Tony winner Brian Bedford, who last appeared on the Broadway stage as Lady Bracknell in The Importance of Being Earnest, died on January 13 at the age of 80. The cause was cancer, according to the New York Times.
Born on February 16, 1935 in West Riding of Yorkshire, Bedford grew up in a home with no hot water, where two of his brothers died of tuberculosis. In a 2011 interview with the New York Times, he recalled hiding in his childhood home’s bathroom rehearsing lines he heard on the radio. At the age of 15, he left school to join an amateur theater group. About two years later, he attended the Royal Academy of Dramatic Art in London.
Bedford made his West End debut in 1956, in Sally Benson’s The Young and the Beautiful, based on stories by F. Scott Fitzgerald. Three years later, he appeared on the Great White Way for the first time in Five Finger Exercise. He went on to star in a number of Broadway shows, including Lord Pengo, The Unknown Soldier and His Wife, The Cocktail Party, The Misanthrope and Private Lives before headlining The School for Wives, which earned him a Tony Award.
For nearly 30 years, Bedford maintained a celebrated career at Canada’s Stratford Shakespeare Festival as a performer and director. He first appeared in Measure for Measure in 1975, and went on to appear in a number of productions, including Much Ado About Nothing, The Seagull, Arms and the Man and The Tempest. He concluded his career there by directing and starring in Molière’s The Misanthrope.

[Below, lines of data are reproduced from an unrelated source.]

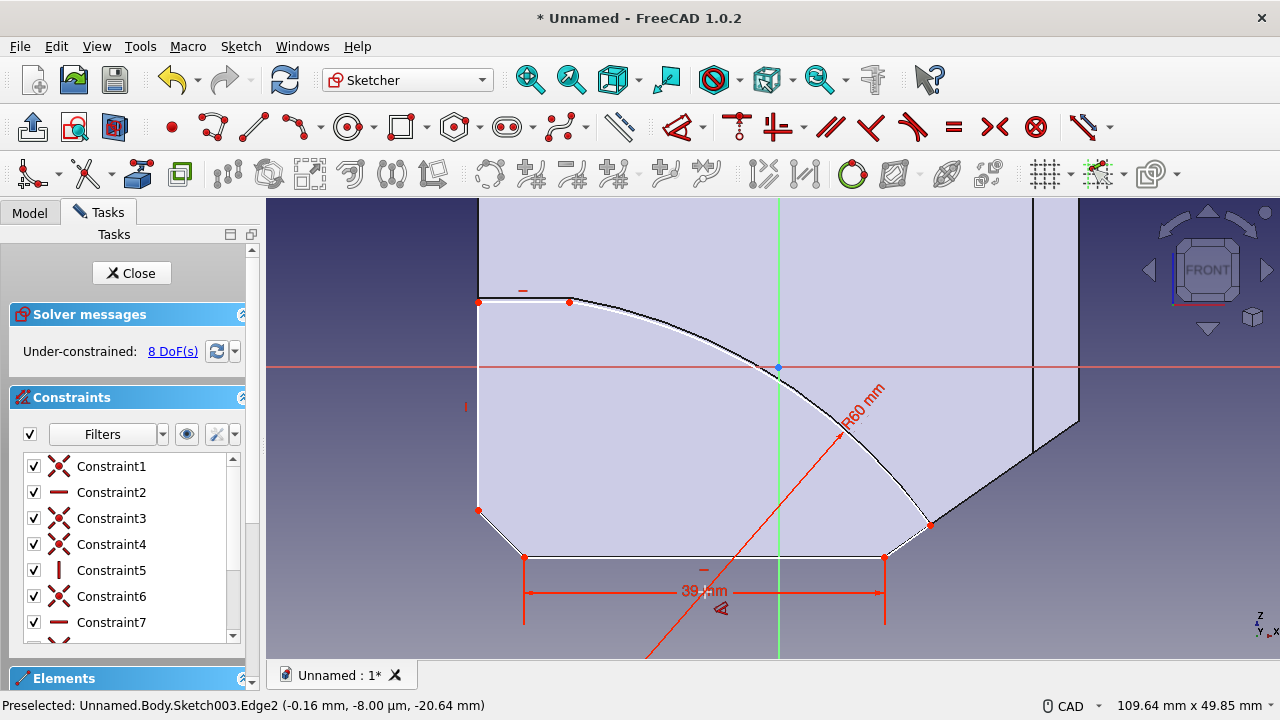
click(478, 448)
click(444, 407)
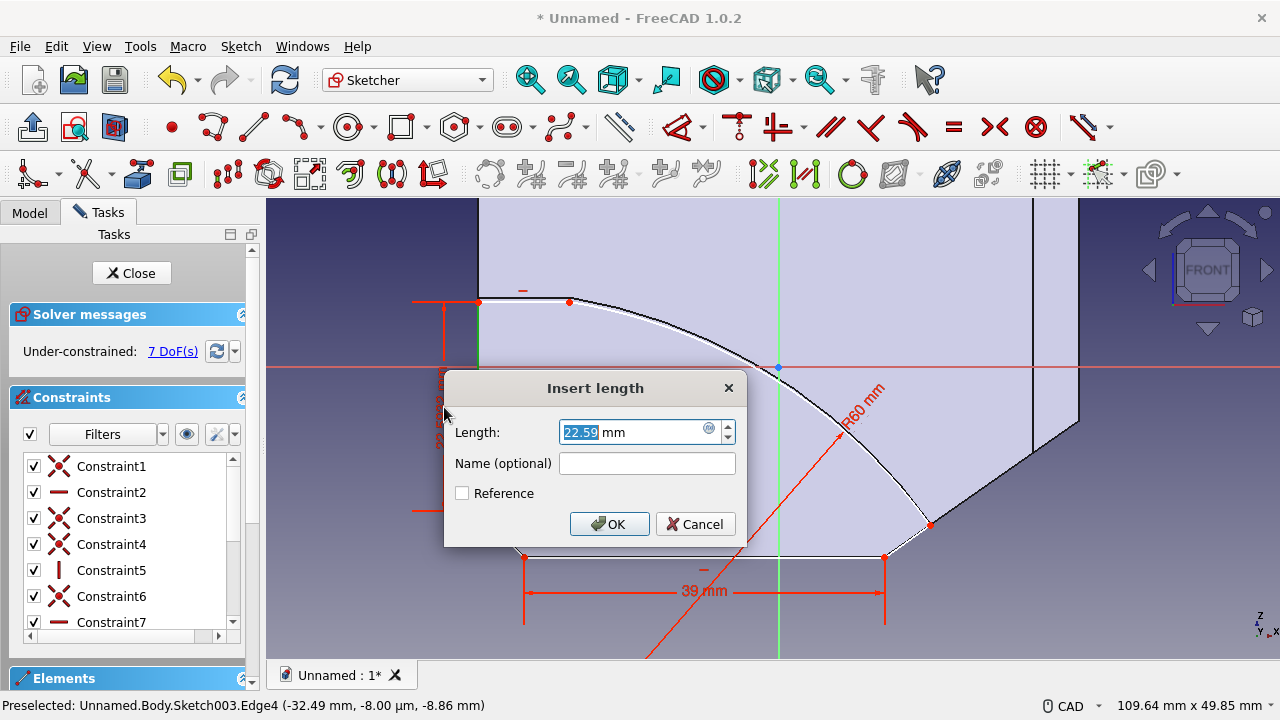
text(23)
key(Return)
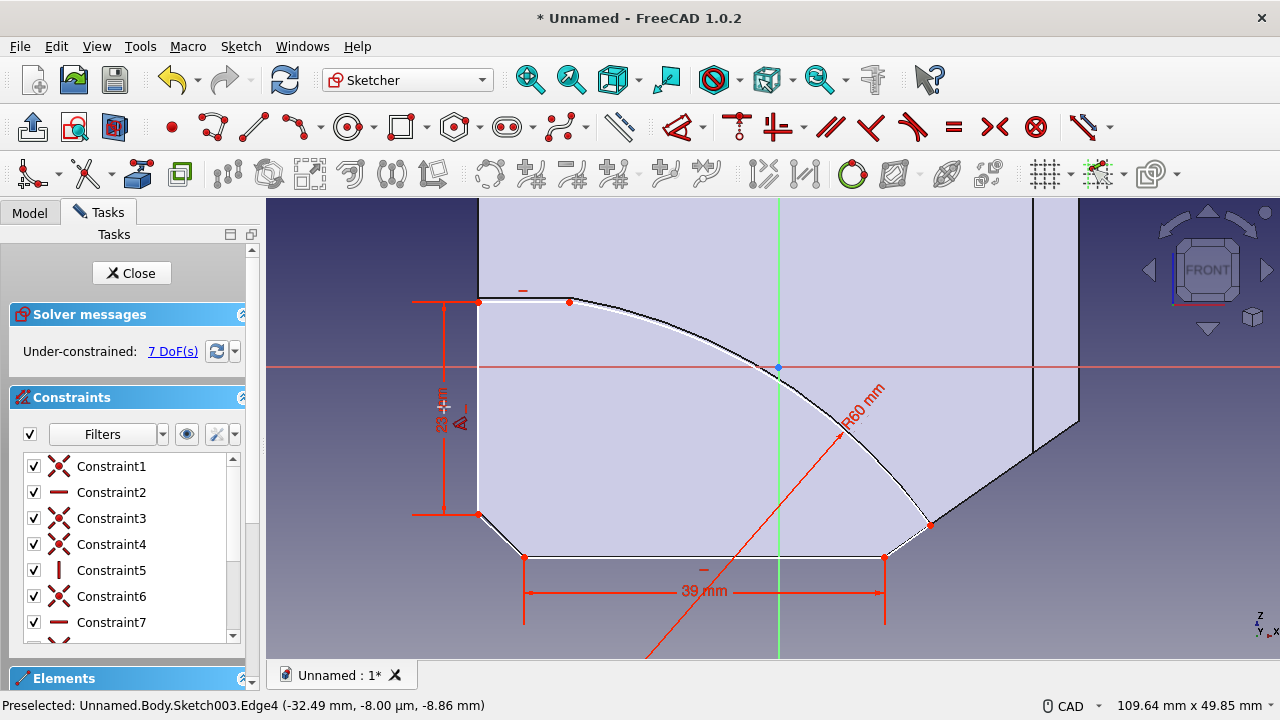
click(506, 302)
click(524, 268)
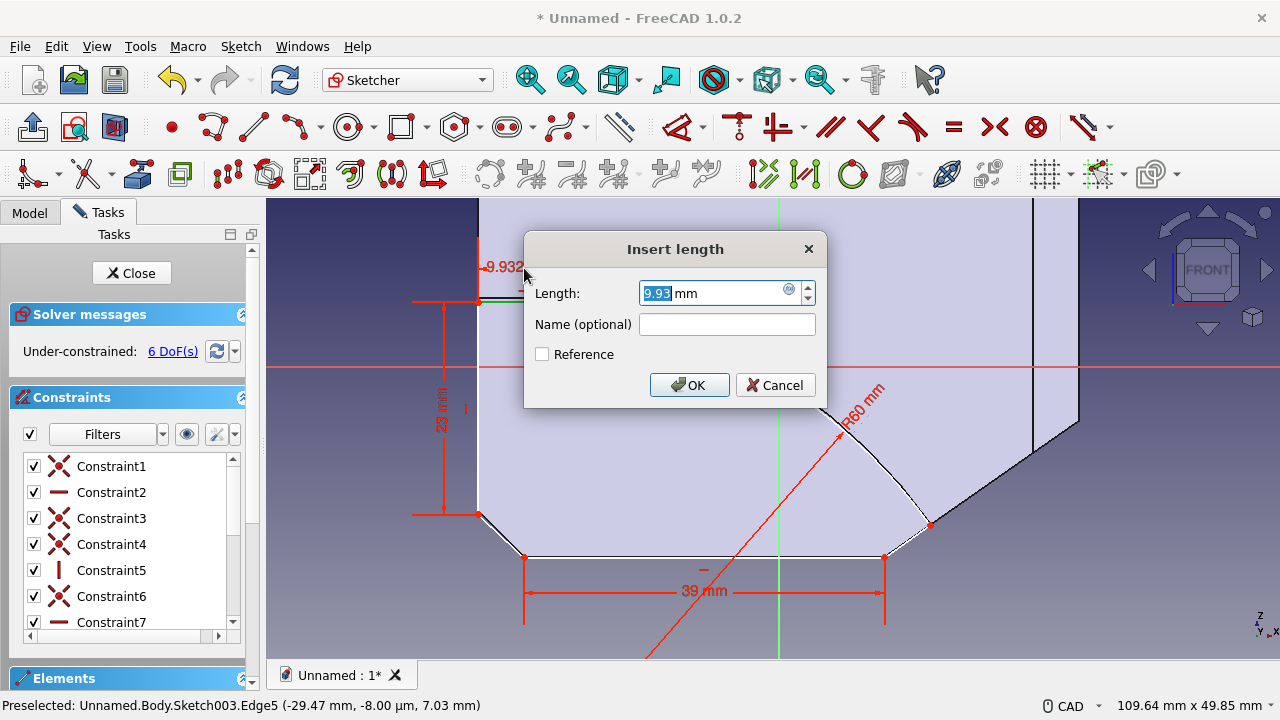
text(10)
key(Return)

It was at the Stratford Shakespeare Festival that Bedford premiered his performance as Lady Bracknell in Oscar Wilde’s The Importance of Being Earnest. The production, which he also directed, transferred to Broadway in 2011 and earned him his seventh and final Tony nomination.
Bedford received additional Tony nominations for Two Shakespearean Actors, Timon of Athens, The Molière Comedies, London Assurance and Tartuffe. His screen work includes Miracle in Soho, Grand Prix and Disney’s Robin Hood, for which he provided the voice of the title character.
Bedford is survived by his husband and partner of 30 years, fellow actor Tim MacDonald.